Dimethyl sulfide dehydrogenase from the purple phototrophic bacterium Rhodovulum sulfidophilum catalyzes the oxidation of dimethyl sulfide to dimethyl sulfoxide. Recent DNA sequence analysis of the ddh operon, encoding dimethyl sulfide dehydrogenase (ddhABC), and biochemical analysis (1) have revealed that it is a member of the DMSO reductase family of molybdenum enzymes and is closely related to respiratory nitrate reductase (NarGHI). Variable temperature X-band EPR spectra (120122 K) of purified heterotrimeric dimethyl sulfide dehydrogenase showed resonances arising from multiple redox centers, Mo(V), [3Fe-4S](+), [4Fe-4S](+), and a b-type heme. A pH-dependent EPR study of the Mo(V) center in (H2O)-H-1 and (H2O)-H-2 revealed the presence of three Mo(V) species in equilibrium, Mo(V)-OH2, Mo(v)-anion, and Mo(V)-OH. Above pH 8.2 the dominant species was Mo(V)-OH. The maximum specific activity occurred at pH 9.27. Comparison of the rhombicity and anisotropy parameters for the Mo(V) species in DMS dehydrogenase with other molybdenum enzymes of the DMSO reductase family showed that it was most similar to the low-pH nitrite spectrum of Escherichia coli nitrate reductase (NarGHI), consistent with previous sequence analysis of DdhA and NarG. A sequence comparison of DdhB and NarH has predicted the presence of four [Fe-S] clusters in DdhB. A [3Fe-4S](+) cluster was identified in dimethyl sulfide dehydrogenase whose properties resembled those of center 2 of NarH. A [4Fe-4S](+) cluster was also identified with unusual spin Hamiltonian parameters, suggesting that one of the iron atoms may have a fifth non-sulfur ligand.

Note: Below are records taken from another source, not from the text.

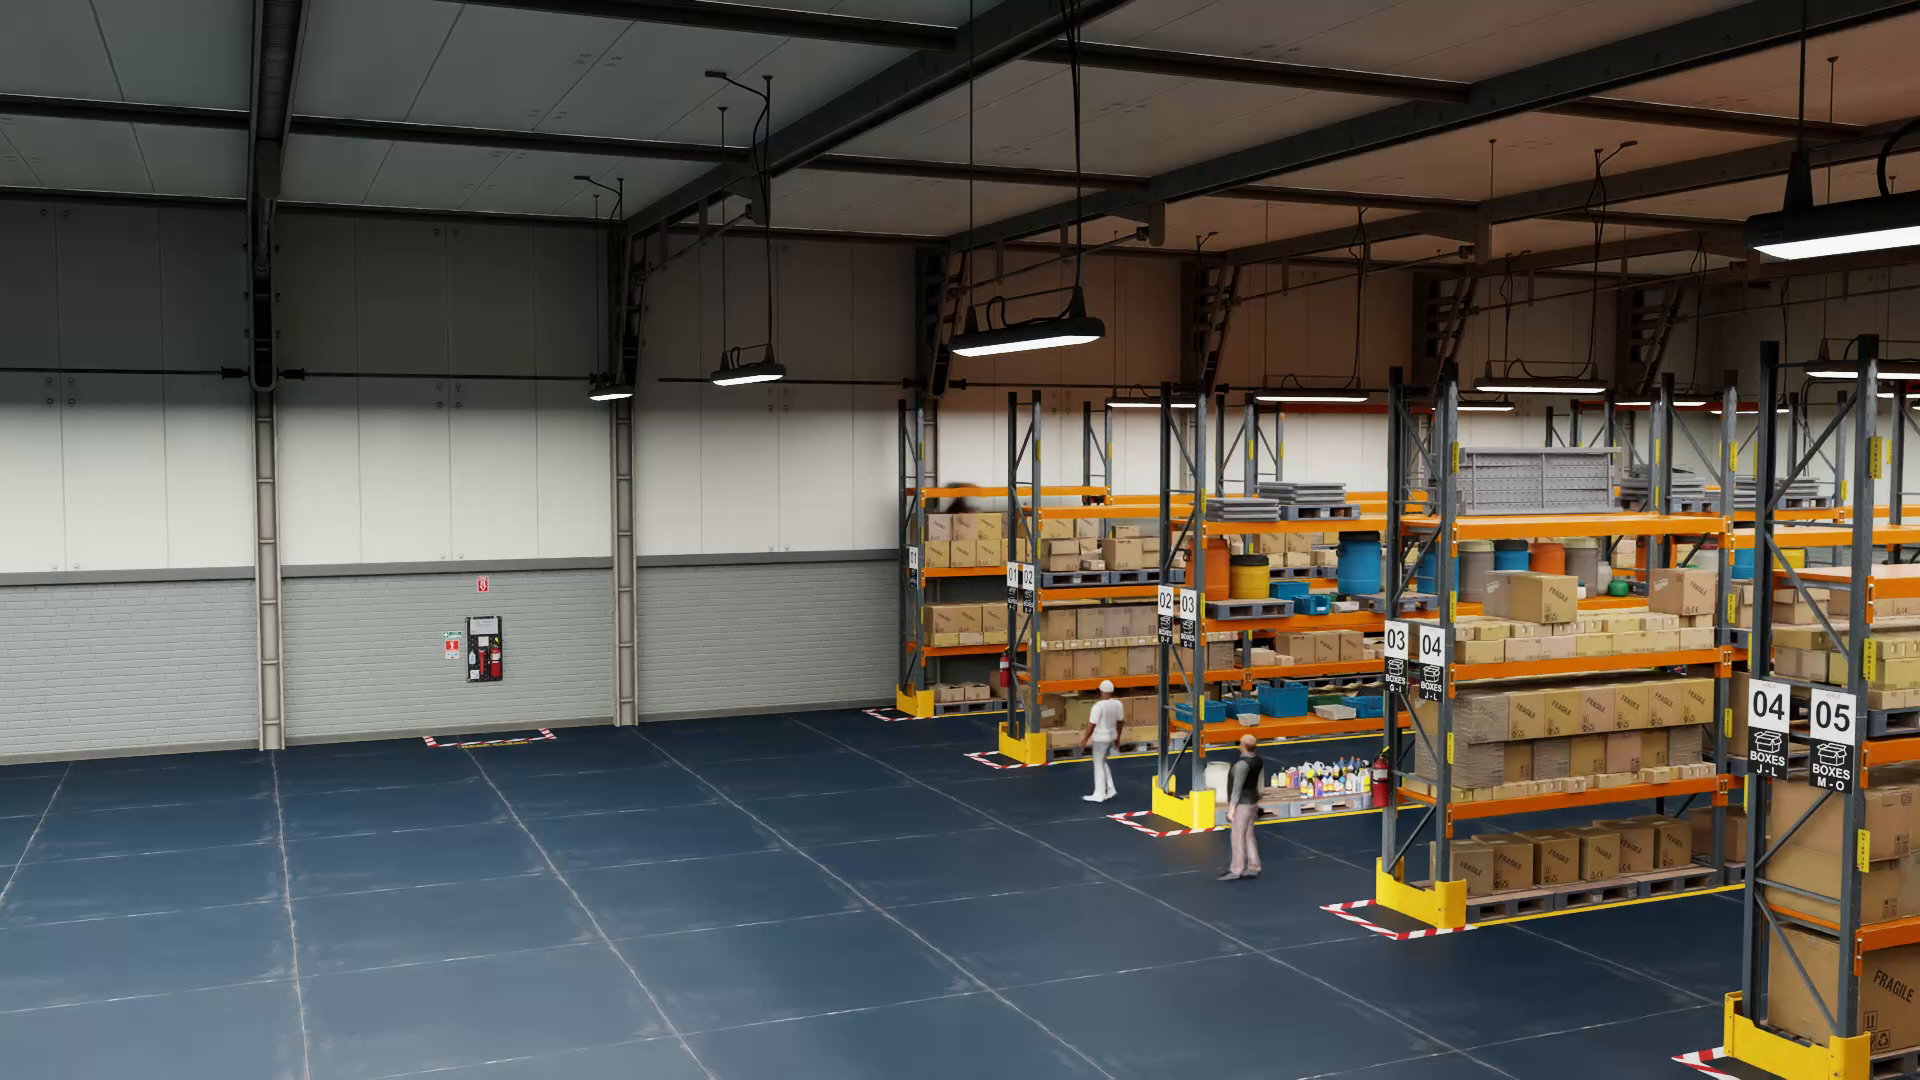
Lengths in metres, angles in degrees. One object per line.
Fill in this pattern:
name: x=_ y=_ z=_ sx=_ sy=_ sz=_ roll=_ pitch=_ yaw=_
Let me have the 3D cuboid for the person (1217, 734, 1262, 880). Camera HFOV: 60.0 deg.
person: x=3.318 y=3.160 z=19.710 sx=0.522 sy=1.729 sz=0.547 roll=1 pitch=3 yaw=13

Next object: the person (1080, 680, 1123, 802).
person: x=2.049 y=2.904 z=23.938 sx=0.511 sy=1.805 sz=0.602 roll=2 pitch=4 yaw=35
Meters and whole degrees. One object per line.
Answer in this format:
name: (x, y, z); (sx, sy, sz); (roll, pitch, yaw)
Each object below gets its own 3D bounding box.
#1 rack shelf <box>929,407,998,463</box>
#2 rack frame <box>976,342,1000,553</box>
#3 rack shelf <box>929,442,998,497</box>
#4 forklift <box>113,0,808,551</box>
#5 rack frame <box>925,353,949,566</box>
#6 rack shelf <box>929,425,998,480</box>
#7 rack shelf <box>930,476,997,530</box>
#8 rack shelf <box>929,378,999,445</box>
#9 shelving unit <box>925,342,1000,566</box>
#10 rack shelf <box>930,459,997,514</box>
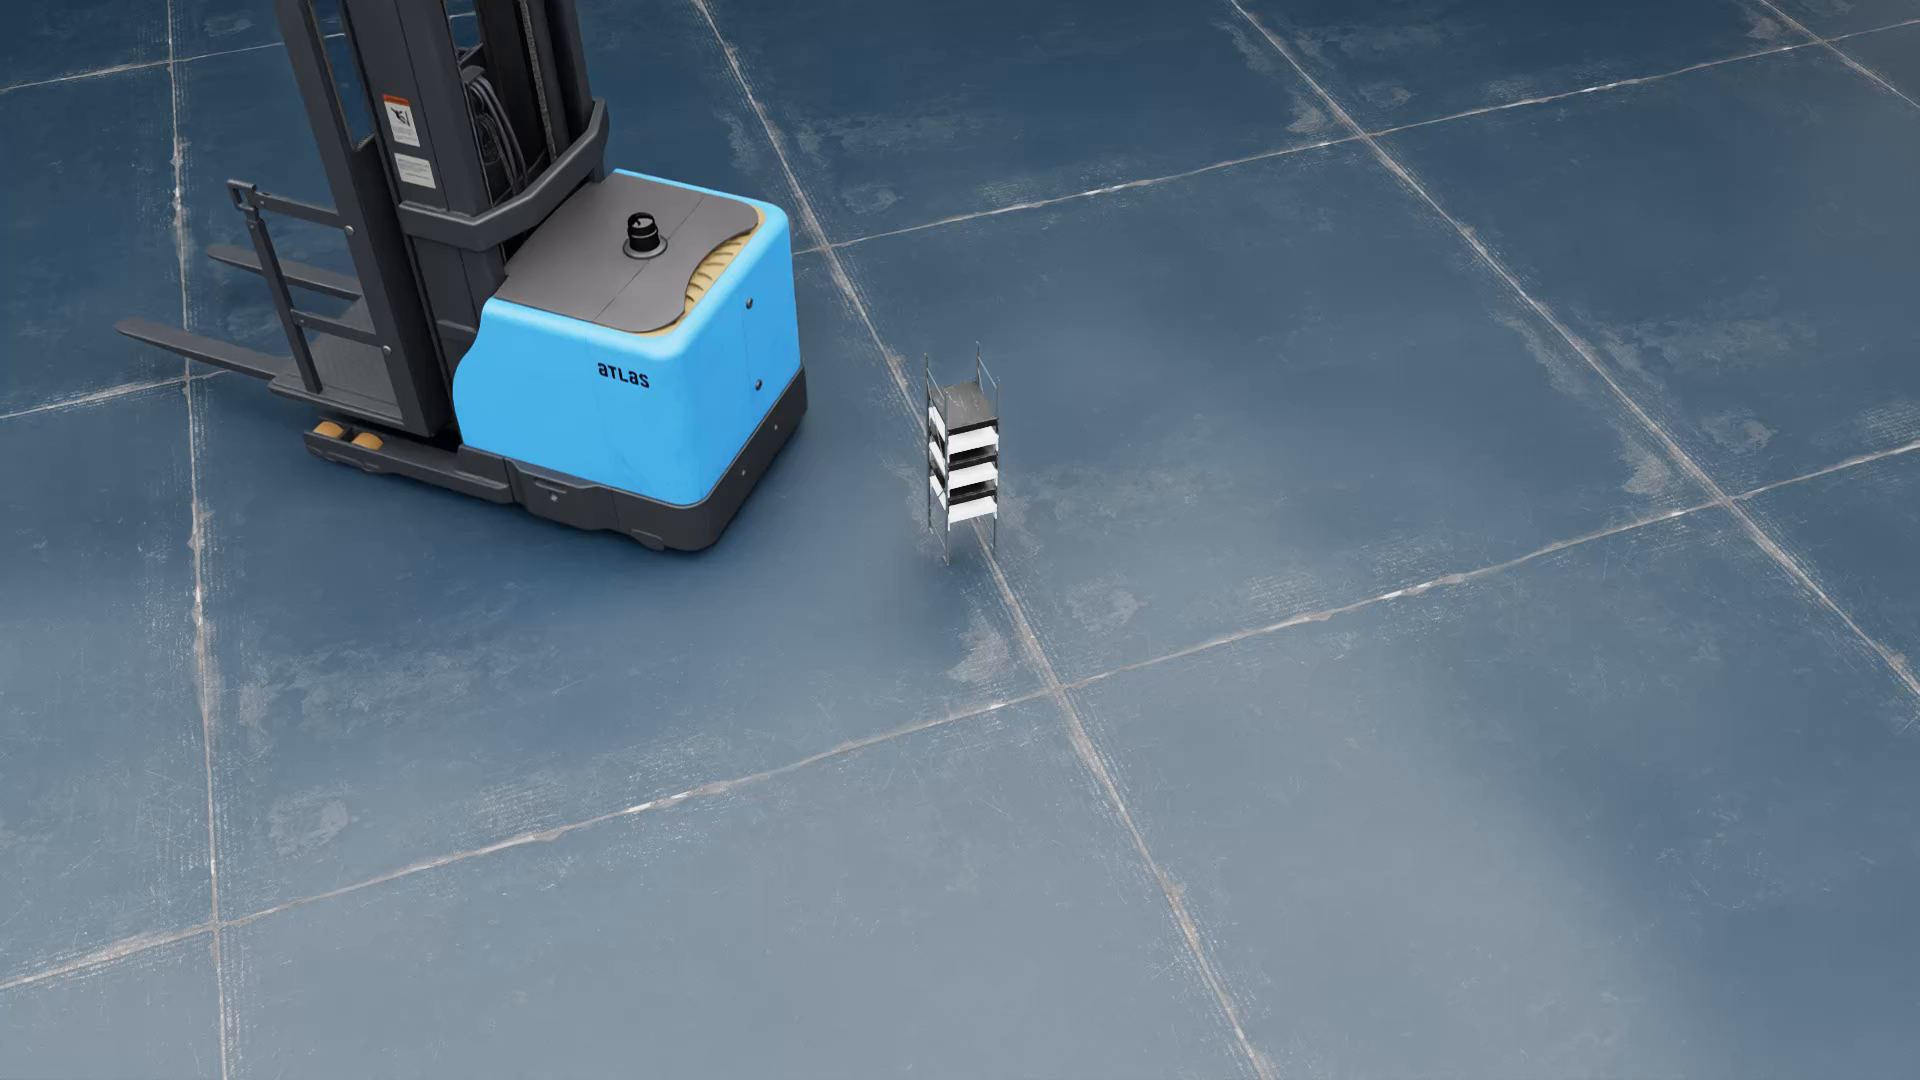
rack shelf: (0.008, -0.423, 6.329); (0.200, 0.077, 0.258); (-14, 47, -14)
rack frame: (0.103, -0.344, 6.458); (0.006, 0.900, 0.240); (-14, 47, -14)
rack shelf: (0.008, -0.296, 6.457); (0.200, 0.077, 0.258); (-14, 47, -14)
forklift: (-2.232, -1.655, 6.330); (3.031, 2.935, 1.130); (16, 47, 15)
rack frame: (-0.088, -0.295, 6.409); (0.006, 0.900, 0.240); (-14, 47, -14)
rack shelf: (0.008, -0.360, 6.393); (0.200, 0.077, 0.258); (-14, 47, -14)
rack shelf: (0.008, -0.169, 6.584); (0.200, 0.077, 0.258); (-14, 47, -14)
rack shelf: (0.008, -0.487, 6.266); (0.200, 0.077, 0.258); (-14, 47, -14)
shelving unit: (0.008, -0.320, 6.433); (0.210, 0.900, 0.258); (-14, 47, -14)
rack shelf: (0.008, -0.233, 6.521); (0.200, 0.077, 0.258); (-14, 47, -14)
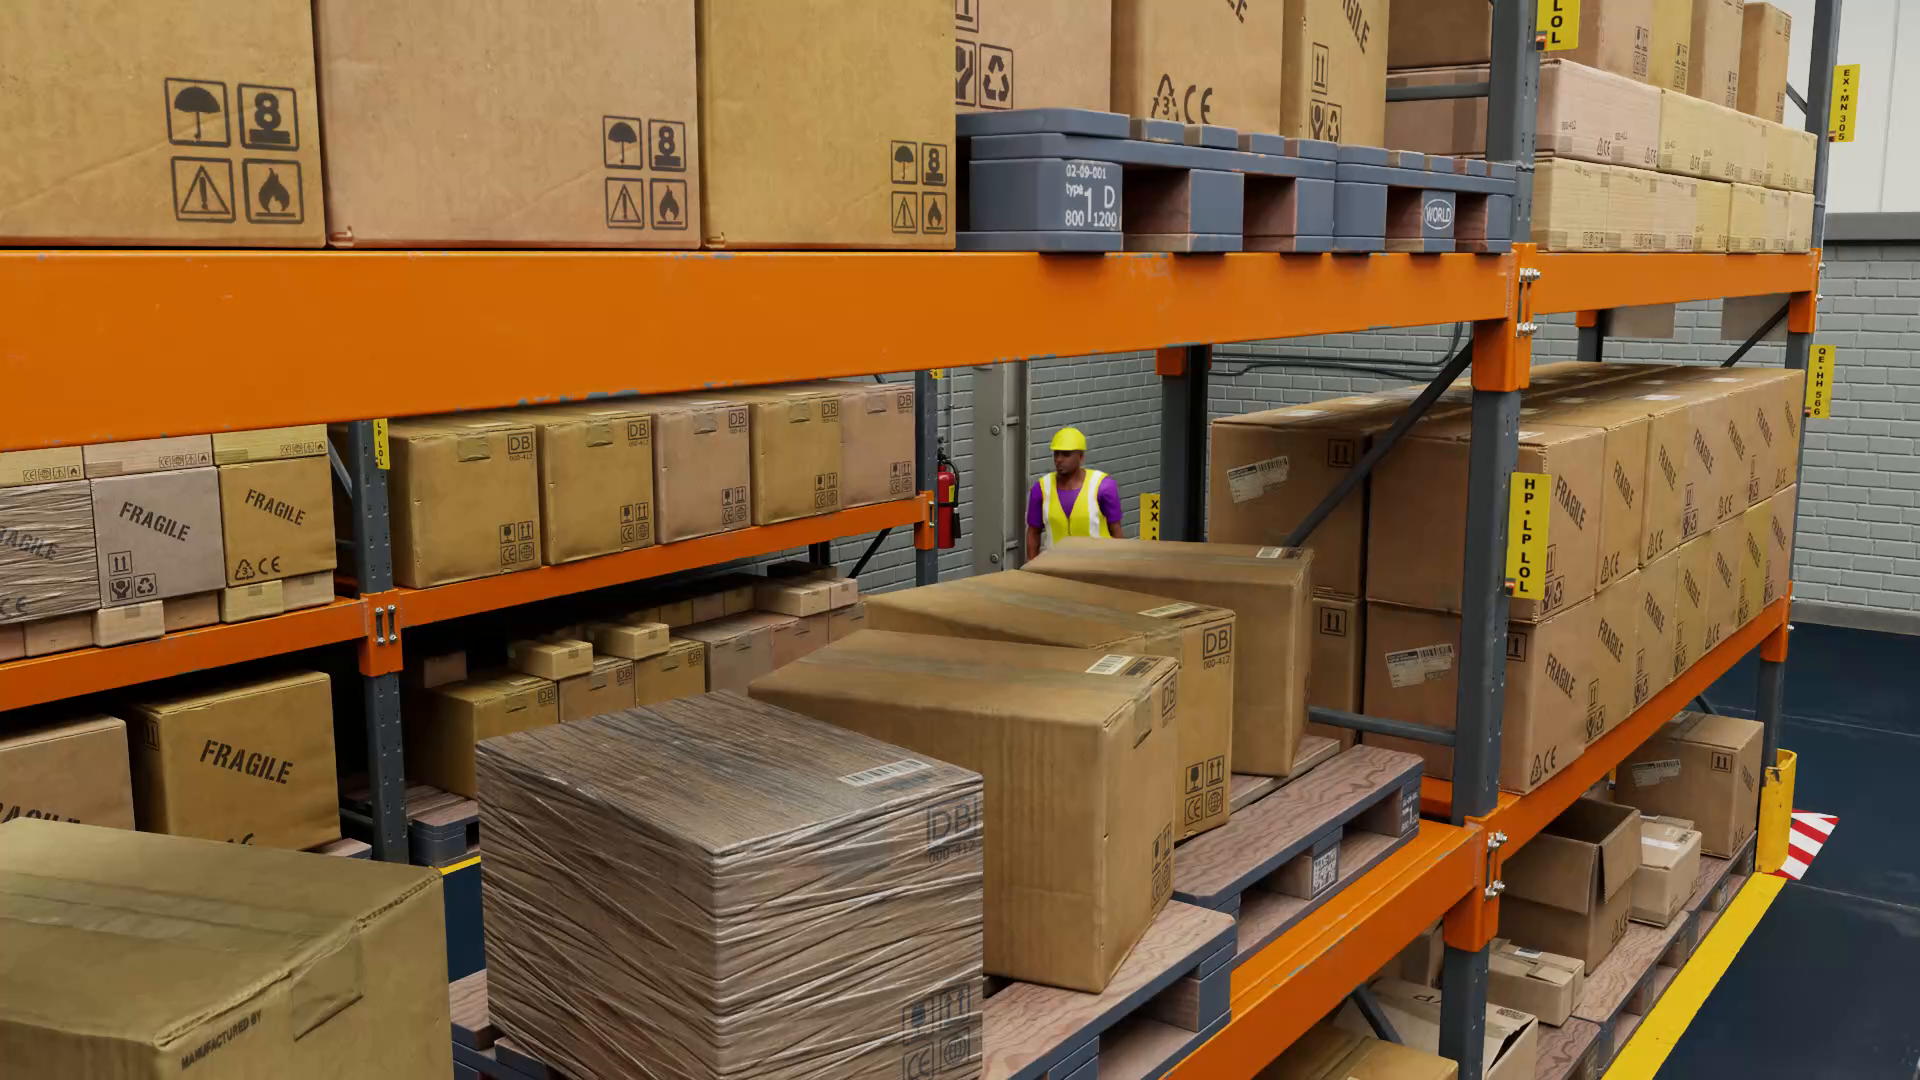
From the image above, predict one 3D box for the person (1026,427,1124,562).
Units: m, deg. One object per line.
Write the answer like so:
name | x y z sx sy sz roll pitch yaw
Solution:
person | 0.687 0.209 10.075 0.593 1.794 0.497 4 10 21

The g matrix for this cluster is very similar to that found for the minor conformation of center 1 in NarH [Guigliarelli, B., Asso, M., More, C., Augher, V., Blasco, F., Pommier, J., Giodano, G., and Bertrand, P. (1992) Eur. J. Biochem. 307,63-68]. Analysis of a ddhC mutant showed that this gene encodes the b-type cytochrome in dimethyl sulfide dehydrogenase. Magnetic circular dichroism studies revealed that the axial ligands to the iron in this cytochrome are a histidine and methionine, consistent with predictions from protein sequence analysis. Redox potentiometry showed that the b-type cytochrome has a high midpoint redox potential (E-o = +315 mV, pH 8).